Middle EV

The Expected Value (EV) displayed in Middles represents the calculated average profit you can anticipate based on the combined odds and probabilities of the bets involved. The calculation takes into account different scenarios, including cases where both bets win, only one bet wins, or neither bet wins. This provides a more accurate assessment of the potential profitability of each middle opportunity.

Let us see how the EV value is obtained for a particular middle:

  1. Find the Probability of hitting the middle. This is the chance that the “middle” outcome occurs. Hover your mouse over the far-right value in the top line to see the tooltip.

  2. Calculate the probability of missing the middle. Subtract the hit probability from 100: Probability of missing = 100 - Probability of hitting

  3. Calculate the expected result if the middle is hit. Multiply the profit when hitting (the green number) by the probability of hitting.

  4. Calculate the expected result if the middle is missed. Multiply the profit or loss when missing (the red number) by the probability of missing.
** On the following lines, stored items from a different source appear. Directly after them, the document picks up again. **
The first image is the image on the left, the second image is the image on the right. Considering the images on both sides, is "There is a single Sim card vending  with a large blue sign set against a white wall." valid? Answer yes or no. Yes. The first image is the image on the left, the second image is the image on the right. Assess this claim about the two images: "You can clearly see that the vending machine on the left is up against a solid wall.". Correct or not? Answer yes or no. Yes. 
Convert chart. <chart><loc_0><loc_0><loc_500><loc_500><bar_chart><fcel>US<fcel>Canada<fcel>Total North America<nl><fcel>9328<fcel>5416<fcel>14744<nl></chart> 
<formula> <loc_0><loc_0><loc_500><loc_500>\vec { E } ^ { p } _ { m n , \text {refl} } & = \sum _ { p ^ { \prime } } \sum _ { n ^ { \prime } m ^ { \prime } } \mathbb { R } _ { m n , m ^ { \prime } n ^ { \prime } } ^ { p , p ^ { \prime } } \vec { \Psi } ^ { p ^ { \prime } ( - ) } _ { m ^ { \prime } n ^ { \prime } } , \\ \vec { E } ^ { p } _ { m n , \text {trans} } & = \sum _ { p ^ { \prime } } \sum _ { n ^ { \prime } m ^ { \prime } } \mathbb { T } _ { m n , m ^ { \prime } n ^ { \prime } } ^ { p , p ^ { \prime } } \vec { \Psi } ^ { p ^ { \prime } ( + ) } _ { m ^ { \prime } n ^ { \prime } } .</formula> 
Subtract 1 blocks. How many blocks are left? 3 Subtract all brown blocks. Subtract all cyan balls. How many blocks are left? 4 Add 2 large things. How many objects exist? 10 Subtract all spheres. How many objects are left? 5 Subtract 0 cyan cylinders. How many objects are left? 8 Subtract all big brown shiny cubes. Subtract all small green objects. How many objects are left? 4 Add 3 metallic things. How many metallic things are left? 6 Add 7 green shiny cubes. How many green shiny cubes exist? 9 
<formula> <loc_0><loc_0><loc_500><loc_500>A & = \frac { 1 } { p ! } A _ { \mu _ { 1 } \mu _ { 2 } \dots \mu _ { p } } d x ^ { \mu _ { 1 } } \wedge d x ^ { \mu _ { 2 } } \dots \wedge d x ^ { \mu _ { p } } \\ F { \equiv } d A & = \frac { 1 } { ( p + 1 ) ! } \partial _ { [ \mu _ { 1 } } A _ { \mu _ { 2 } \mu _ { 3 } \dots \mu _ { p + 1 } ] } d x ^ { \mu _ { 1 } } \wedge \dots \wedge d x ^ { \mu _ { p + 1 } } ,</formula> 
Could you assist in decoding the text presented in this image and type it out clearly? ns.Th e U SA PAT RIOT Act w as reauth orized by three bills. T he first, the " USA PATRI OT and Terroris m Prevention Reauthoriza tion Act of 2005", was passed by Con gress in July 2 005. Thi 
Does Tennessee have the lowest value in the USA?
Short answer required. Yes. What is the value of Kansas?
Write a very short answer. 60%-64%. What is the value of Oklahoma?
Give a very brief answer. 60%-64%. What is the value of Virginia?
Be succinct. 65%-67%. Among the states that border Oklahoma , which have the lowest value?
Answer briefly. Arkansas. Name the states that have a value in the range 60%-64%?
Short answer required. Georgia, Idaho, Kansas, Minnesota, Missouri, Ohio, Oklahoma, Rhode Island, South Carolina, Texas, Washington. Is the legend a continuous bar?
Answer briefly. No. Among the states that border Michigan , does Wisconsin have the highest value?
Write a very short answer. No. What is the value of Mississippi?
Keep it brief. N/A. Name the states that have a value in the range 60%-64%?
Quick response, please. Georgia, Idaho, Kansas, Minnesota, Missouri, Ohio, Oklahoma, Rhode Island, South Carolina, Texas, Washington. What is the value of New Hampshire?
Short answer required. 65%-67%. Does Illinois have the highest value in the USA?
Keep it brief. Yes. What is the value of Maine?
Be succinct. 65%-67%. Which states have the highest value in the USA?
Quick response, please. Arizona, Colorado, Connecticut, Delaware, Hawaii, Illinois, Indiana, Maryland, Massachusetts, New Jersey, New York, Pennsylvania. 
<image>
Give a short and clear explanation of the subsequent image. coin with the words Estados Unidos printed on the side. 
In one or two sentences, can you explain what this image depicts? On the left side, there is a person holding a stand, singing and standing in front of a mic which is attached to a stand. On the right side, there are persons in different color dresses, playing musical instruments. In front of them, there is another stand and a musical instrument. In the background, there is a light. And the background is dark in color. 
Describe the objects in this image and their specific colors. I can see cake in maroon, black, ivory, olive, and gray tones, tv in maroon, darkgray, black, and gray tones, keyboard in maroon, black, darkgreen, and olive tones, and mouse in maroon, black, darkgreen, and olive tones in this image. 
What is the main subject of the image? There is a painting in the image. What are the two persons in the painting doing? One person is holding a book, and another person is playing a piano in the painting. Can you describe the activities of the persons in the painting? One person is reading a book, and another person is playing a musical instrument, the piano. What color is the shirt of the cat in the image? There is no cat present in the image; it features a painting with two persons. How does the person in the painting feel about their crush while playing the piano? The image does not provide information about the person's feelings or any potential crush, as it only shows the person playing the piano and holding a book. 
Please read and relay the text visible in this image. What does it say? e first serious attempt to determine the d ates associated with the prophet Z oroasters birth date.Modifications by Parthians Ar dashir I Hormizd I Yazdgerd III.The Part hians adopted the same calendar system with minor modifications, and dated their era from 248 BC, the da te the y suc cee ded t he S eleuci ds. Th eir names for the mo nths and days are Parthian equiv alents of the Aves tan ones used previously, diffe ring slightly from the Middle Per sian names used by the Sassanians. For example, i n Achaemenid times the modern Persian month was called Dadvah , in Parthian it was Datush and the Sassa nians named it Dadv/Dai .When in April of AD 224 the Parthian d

  5. Subtract the missed value (loss) from the hit value (profit) to find the net expected return.

  6. Normalize the value. Divide the result by 100 to obtain the Expected Value (EV). This value appears as the far-left number in the row.

Given: Probability of hitting the middle: 21.3 Profit if hit: 69.6 Loss if missed: 15.22

Calculation: (21.3×69.6-(100-21.3)×15.22)/100≈2.9

Note: The displayed probability is rounded to one decimal place, while a more precise value is used for EV calculations.